- Opening Delimiter -
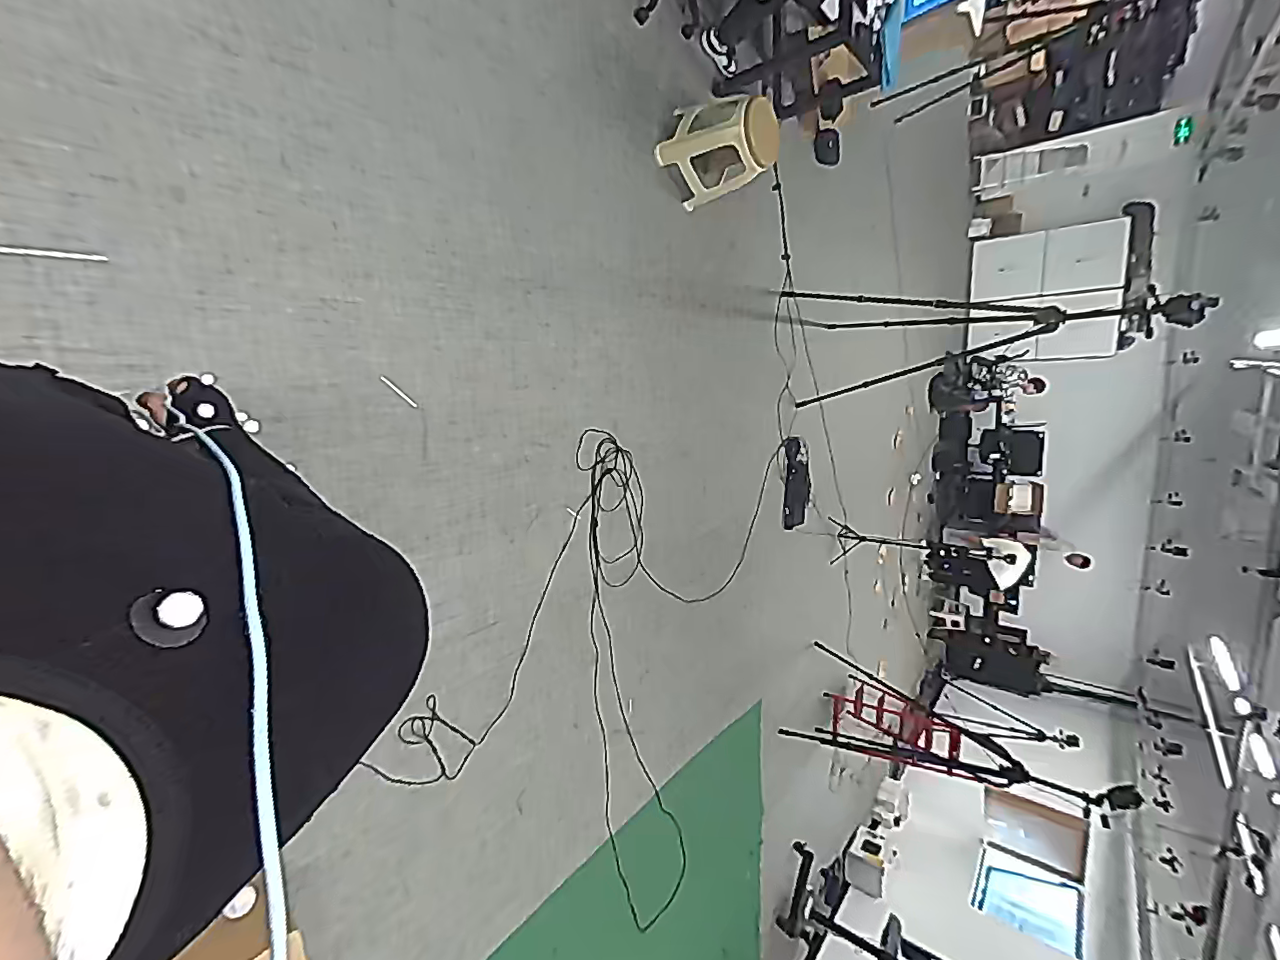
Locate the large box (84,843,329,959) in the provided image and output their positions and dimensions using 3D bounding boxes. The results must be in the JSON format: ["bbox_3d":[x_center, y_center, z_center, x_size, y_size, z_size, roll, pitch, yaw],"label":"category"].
[{"bbox_3d":[-1.029,1.215,1.314,0.408,0.320,0.320,-17,106,-47],"label":"large box"}]
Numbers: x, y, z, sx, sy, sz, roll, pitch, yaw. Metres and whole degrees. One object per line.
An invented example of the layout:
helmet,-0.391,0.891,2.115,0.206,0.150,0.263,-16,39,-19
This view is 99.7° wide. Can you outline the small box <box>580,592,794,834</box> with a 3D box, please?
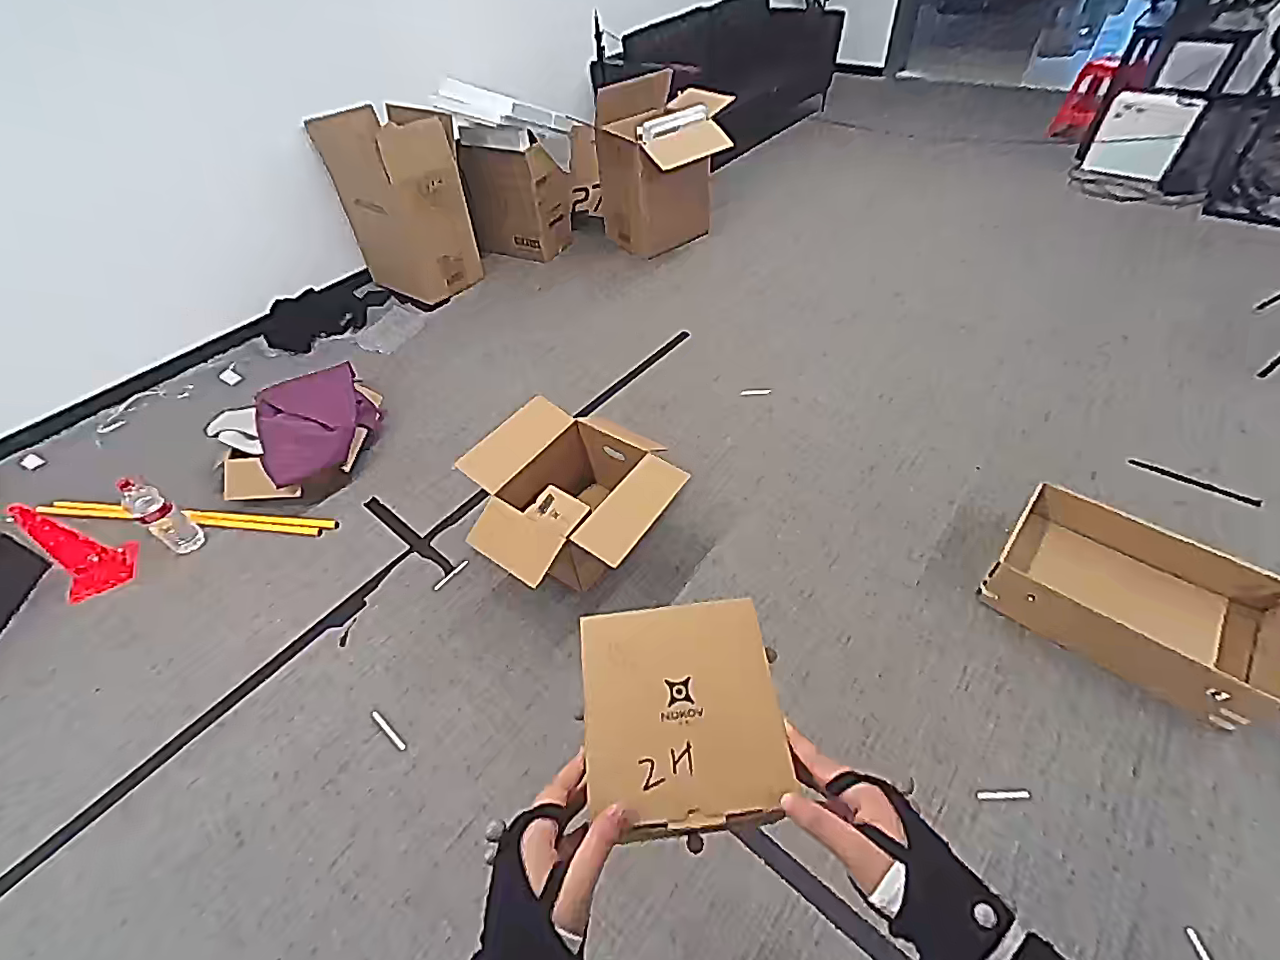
- Closing Delimiter -
◆ **Problem**: Only the lines from the one containing "An invented example" through the last line of the entries, both included, should be repeated exactly, and the pictures should be left out.

◆ **Answer**:
An invented example of the layout:
helmet,-0.391,0.891,2.115,0.206,0.150,0.263,-16,39,-19
This view is 99.7° wide. Can you outline the small box <box>580,592,794,834</box> with a 3D box, please?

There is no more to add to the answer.